Rimango in estasi. Mai vista una meraviglia del genere.

Un sentiero stretto si stende lungo questo altopiano erboso, da cui spuntato qua e là delle rocce bianche.
Le gambe volano. Un piccolo ruscello costeggia il sentiero, e mi accompagna col suo leggero scorrere d’acqua. Ogni tanto salto una roccia, e sorpasso un concorrente a velocità doppia. Non posso rallentare, è troppo bello. Non sento più la fatica. Passo due signori vestiti allo stesso modo, che se ne risentono e cercano di seguirmi.
Inutile, cedono presto. Il GPS segna un passo di 4:30, e dopo 35 km di montagna non è male.
Si sale di nuovo poi si scende ancora a tutta verso un lago, da cui arriva una musica rock a tutto volume.
C’è un gruppo che suona e mi sembra pazzesco che dei musicisti siano arrivati fin lì a suonare… Come ad ogni punto di ristoro o dove s’incontra gente, gli incoraggiamenti non mancano, e mi sento ancor più forte.
Rimangono 6 km, ma saranno i più duri.
Si scende nel bosco, su un sentiero di una bellezza disarmante. Sono da solo, ed è la prima volta dall’inizio della corsa, per cui tengo d’occhio i segnali perché non sarebbe simpatico sbagliare sentiero e perdersi.
La traccia diventa un inferno di scalini di roccia e di radici insidiose che mi costringono a rallentare.
La discesa in queste condizioni diventa durissima e devo fare uno sforzo di concentrazione pazzesco.
Un occhio alla ricerca della striscia che indica il percorso e uno al punto migliore su cui appoggiare il passo successivo. Poi arriva! Sasso smosso, e distorsione. Lancio un urlo e mi getto a terra.
La caviglia non ha tenuto e si è girata su se stessa, ma non sento male. La tocco e la muovo ma non mi comunica niente. Cerco di capire se c’è qualcosa, dato che la mia soglia del dolore potrebbe essere un po’ imprecisa per via della stanchezza. Ma nulla. Felice mi rimetto in piedi e riparto con ancora più attenzione.
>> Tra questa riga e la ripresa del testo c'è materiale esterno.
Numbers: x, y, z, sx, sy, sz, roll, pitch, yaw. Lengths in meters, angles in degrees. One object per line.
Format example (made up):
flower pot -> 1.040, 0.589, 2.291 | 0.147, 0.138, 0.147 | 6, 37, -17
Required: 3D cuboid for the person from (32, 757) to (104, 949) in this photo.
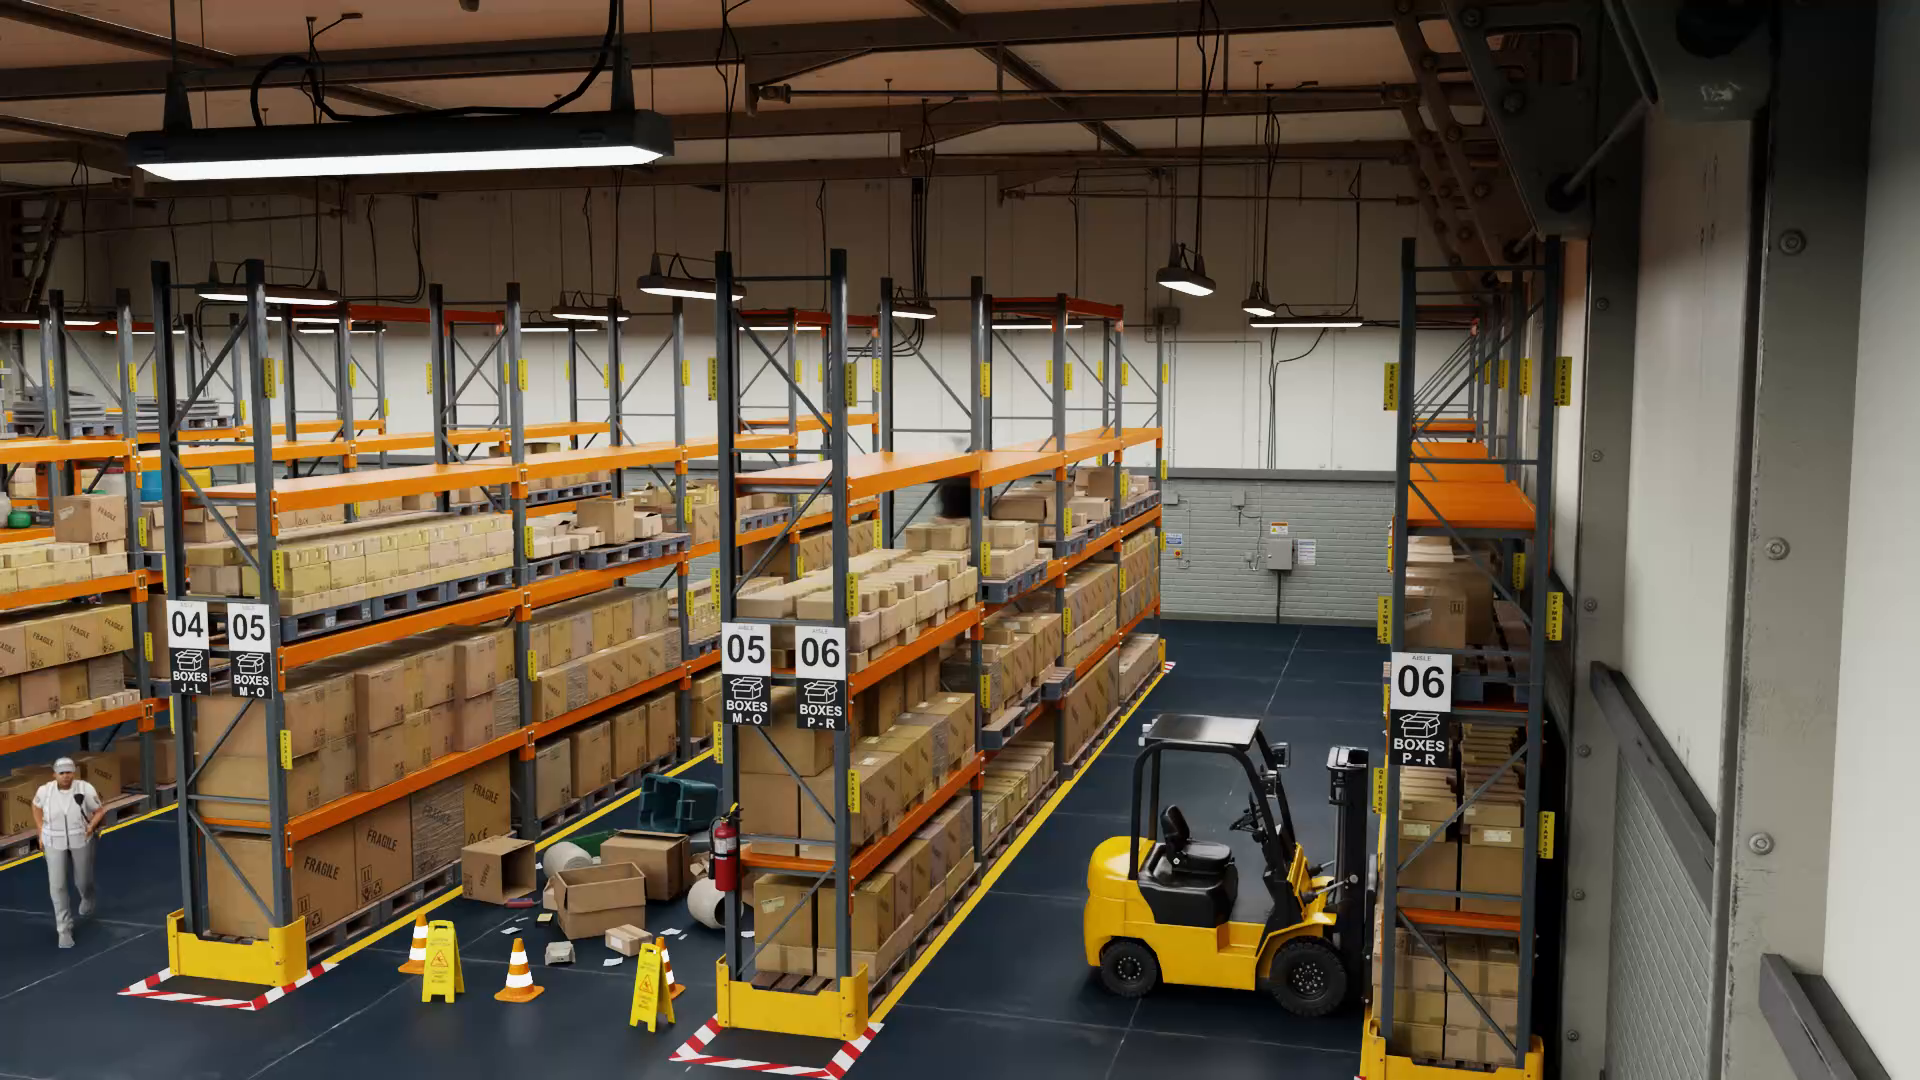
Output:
person -> -8.079, 2.762, 15.093 | 0.582, 1.670, 0.913 | -3, 7, -25

Finalmente si esce dal bosco, e si prende una strada bianca. Fa un caldo pazzesco e mi sento bollire la testa. In un passaggio tra alcune case una signora mi getta addosso dell'acqua, e io la ringrazio immensamente.
Ma ormai è fatta, sono sotto il paese.
Una scalinata e vedo il corso centrale, quello dell’arrivo.
Salgo e giro l’angolo. Esplode una gioia enorme che mi fa volare verso gli ultimi metri!
A braccia alzate chiudo una corsa meravigliosa, e subito vado a baciare chi mi aspettava all’arrivo.


Un’esperienza di 6 ore e mezza di corsa in montagna, che mi sembra volata in un baleno, ma che con la mente ancora oggi posso ripercorrere metro dopo metro. Soddisfazione e felicità immense. Sentirsi vivi in questo modo è qualcosa di meraviglioso.